PROMPT: In the listing below, locate the line that contains "#18 toy car <box>294,265,357,323</box>" and the line that contains "1. name: x y z sx sy sz roll pitch yaw". Restate word for word those two lines and every line between them, and nothing else.

WORKING DATA:
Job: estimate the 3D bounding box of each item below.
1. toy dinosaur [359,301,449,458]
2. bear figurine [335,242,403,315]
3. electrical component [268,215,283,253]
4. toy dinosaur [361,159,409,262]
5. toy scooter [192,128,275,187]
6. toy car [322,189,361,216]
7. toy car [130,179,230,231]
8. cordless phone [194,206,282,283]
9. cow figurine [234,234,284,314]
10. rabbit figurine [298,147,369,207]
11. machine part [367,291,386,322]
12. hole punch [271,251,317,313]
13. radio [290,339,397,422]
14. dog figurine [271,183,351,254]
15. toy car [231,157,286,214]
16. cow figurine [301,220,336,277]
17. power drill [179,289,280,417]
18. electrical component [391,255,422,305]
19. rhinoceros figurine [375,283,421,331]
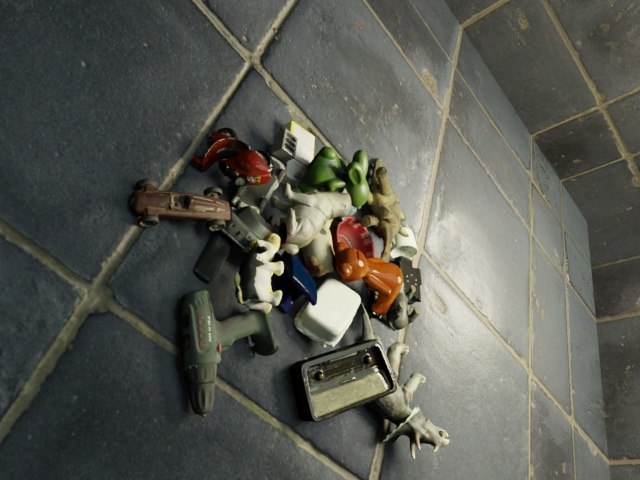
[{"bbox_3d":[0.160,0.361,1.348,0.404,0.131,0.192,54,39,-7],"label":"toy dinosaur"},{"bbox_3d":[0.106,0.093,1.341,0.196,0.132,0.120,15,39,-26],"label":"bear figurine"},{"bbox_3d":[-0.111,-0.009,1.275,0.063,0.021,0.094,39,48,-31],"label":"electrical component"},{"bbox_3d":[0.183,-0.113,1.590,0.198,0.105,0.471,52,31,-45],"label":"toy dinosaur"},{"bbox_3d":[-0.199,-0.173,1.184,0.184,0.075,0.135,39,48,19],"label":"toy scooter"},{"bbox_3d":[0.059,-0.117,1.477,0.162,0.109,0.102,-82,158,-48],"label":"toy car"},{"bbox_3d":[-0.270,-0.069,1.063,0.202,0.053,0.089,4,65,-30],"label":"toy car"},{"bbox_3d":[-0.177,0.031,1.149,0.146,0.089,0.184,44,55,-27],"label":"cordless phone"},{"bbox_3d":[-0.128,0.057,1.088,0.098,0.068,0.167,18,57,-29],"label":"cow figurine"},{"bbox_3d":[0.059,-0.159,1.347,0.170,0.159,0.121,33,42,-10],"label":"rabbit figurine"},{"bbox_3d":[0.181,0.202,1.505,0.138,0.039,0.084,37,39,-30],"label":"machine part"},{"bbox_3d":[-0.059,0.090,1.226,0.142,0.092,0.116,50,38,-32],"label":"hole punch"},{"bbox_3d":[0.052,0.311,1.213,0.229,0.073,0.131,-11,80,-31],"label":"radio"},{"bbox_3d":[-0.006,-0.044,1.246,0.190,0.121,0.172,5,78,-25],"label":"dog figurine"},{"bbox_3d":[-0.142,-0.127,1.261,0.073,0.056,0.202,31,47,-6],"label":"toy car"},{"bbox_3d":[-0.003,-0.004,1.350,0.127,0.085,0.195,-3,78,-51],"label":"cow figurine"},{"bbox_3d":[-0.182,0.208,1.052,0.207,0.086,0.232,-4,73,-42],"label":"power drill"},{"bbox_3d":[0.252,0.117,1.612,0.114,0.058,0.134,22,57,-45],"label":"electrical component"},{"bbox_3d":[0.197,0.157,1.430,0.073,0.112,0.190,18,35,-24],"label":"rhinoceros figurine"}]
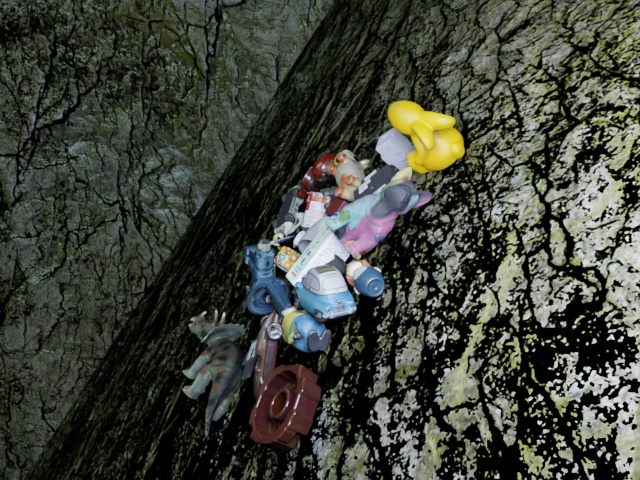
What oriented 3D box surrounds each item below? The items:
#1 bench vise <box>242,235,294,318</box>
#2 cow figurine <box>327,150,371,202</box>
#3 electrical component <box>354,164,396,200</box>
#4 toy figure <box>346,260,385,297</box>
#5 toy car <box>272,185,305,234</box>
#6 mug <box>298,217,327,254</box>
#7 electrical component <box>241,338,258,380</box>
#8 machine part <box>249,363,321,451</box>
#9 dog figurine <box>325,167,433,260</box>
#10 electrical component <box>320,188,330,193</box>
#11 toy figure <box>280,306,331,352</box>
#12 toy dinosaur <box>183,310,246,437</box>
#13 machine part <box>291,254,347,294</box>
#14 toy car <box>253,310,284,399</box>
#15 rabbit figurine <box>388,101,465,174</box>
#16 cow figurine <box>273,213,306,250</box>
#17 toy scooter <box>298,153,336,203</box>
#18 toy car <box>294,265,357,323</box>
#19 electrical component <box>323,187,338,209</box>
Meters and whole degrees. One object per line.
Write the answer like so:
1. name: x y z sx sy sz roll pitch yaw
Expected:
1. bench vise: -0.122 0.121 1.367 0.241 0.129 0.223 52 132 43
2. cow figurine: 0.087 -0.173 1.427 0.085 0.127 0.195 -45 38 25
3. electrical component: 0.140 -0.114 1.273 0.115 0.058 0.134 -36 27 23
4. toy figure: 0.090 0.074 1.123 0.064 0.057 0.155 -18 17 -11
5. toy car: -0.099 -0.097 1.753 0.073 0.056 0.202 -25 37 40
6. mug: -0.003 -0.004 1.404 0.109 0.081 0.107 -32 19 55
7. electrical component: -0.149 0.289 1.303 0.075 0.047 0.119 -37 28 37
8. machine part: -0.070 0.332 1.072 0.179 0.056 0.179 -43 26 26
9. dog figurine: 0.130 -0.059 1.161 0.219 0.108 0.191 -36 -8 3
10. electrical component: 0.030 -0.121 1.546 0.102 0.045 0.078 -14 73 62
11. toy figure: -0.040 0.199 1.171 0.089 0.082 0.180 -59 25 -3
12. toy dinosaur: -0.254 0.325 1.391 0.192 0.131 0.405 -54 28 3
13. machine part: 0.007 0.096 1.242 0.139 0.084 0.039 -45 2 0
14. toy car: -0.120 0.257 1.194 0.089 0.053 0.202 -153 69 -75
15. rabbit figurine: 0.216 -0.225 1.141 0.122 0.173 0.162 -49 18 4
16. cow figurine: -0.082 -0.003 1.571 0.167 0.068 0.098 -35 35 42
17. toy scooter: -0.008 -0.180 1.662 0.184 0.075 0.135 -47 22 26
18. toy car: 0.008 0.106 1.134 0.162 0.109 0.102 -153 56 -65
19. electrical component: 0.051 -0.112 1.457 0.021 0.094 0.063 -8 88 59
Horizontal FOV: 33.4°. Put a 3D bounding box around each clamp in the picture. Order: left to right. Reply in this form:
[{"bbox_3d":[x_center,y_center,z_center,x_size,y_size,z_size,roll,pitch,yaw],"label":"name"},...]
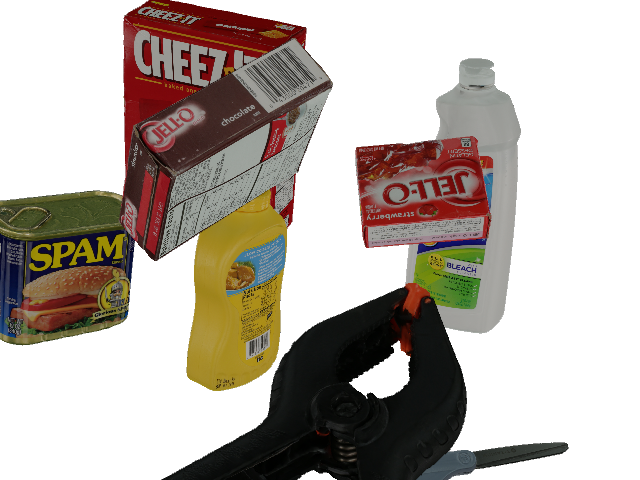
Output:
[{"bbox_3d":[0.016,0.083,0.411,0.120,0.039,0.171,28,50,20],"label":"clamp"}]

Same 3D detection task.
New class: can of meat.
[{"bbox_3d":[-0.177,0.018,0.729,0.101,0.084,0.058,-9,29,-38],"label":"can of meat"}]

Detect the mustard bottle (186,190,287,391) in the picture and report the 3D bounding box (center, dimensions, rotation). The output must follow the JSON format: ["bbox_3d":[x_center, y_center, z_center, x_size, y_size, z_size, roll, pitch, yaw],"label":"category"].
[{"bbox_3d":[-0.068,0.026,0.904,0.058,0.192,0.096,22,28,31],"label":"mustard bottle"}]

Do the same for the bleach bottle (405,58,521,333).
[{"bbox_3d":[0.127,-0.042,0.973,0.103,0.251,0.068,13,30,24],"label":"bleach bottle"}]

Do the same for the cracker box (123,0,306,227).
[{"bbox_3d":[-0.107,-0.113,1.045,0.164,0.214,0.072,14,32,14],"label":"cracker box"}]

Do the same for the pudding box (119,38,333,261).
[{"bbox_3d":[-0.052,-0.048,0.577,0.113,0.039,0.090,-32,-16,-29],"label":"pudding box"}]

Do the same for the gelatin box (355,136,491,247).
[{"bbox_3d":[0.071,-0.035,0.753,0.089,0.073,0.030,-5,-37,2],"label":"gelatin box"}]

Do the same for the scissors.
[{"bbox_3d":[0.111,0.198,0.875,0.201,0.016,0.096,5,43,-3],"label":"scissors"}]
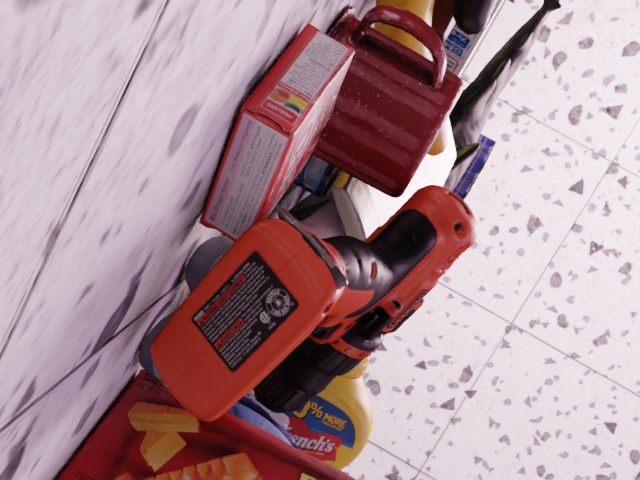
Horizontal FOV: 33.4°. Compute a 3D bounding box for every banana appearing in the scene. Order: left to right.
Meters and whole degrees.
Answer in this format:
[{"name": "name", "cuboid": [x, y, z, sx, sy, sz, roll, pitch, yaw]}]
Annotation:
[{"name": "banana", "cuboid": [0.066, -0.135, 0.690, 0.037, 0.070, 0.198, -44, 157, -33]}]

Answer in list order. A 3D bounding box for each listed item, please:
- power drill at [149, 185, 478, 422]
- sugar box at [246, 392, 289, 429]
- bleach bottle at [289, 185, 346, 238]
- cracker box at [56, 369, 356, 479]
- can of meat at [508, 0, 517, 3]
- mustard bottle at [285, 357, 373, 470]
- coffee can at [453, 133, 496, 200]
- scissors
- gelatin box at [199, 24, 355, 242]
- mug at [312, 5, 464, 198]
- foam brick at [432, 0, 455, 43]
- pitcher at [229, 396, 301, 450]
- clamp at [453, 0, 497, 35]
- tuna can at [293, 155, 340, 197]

SOLUTION BELOW:
#18 toy car <box>294,265,357,323</box>
#19 electrical component <box>323,187,338,209</box>
Meters and whole degrees. One object per line.
Write the answer like so:
1. name: x y z sx sy sz roll pitch yaw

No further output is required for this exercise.